The Samsung Galaxy SII used 3G except with specific variants. The Palm WebOS phones never had 4G, and VoLTE-compliance is the big issue since not all 4G/LTE phones supported VoLTE. Not even the Thunderbolt. No way to make it work either. I wish carriers would just let us choose what we want to use.

These days all I even use a phone for is music playback (MP3s), phone calls and SMS texts. That's it. I would be perfectly happy with a Nokia N95 if 3G or 2G were still up.

I wanted to avoid the never-ending upgrade cycle, but since carriers can and WILL shut down networks eventually, that means that I'm not even safe from that cycle with a 5G-capable phone, as one day I'm sure 5G will get shut down too.
 
I mean would it have killed them to allow the few left who still clinged to a 3G device to keep using it? I'd have even paid a premium on my bill and they'd make $$$ so you'd expect that to work, after all a corporation wants money, am I right?
Killed them, no. But keeping legacy basestations and infrastructure going so that a few people could continue to use old phones would be expensive, and would also mean that they couldn't re-use the spectrum for higher capacity/higher rate technologies (which then becomes a risk to their business if their 4G/5G coverage is perceived to be worse than their competitors).

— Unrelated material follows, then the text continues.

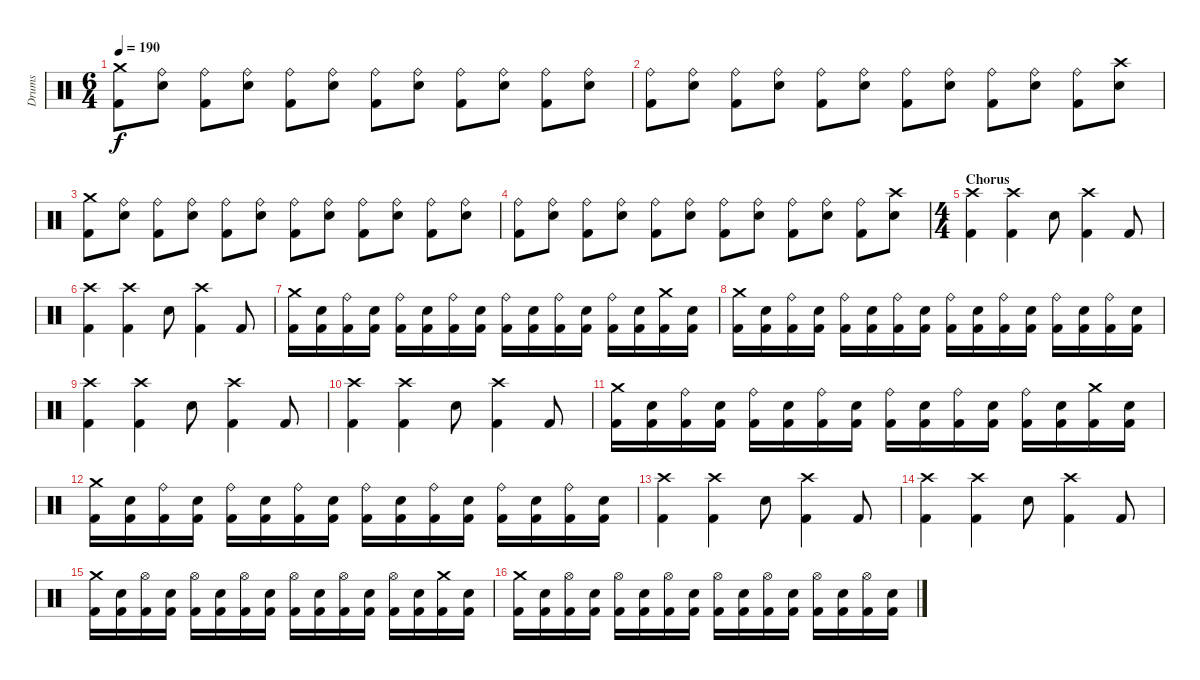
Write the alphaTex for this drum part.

I don't think you could have afforded the bill premium they'd need for this to make commercial sense.
 
I love Touchwhiz. Especially the S5, Note 4, S6 and Note 5's Touchwiz versions they originally ran on. The US carriers gave Touchwhiz a bad name. I'm still using Touchwiz to this very day.
touchwiz and One UI suck. i always use a custom launcher. Nova is my go to. you should check it out. its highly customizable and i have been using for almost a decade!!!!!
 
Ah see if you don't read you'll never know since I used to think all S5 to S7 phones were the same until stumbling upon the dummies guide post.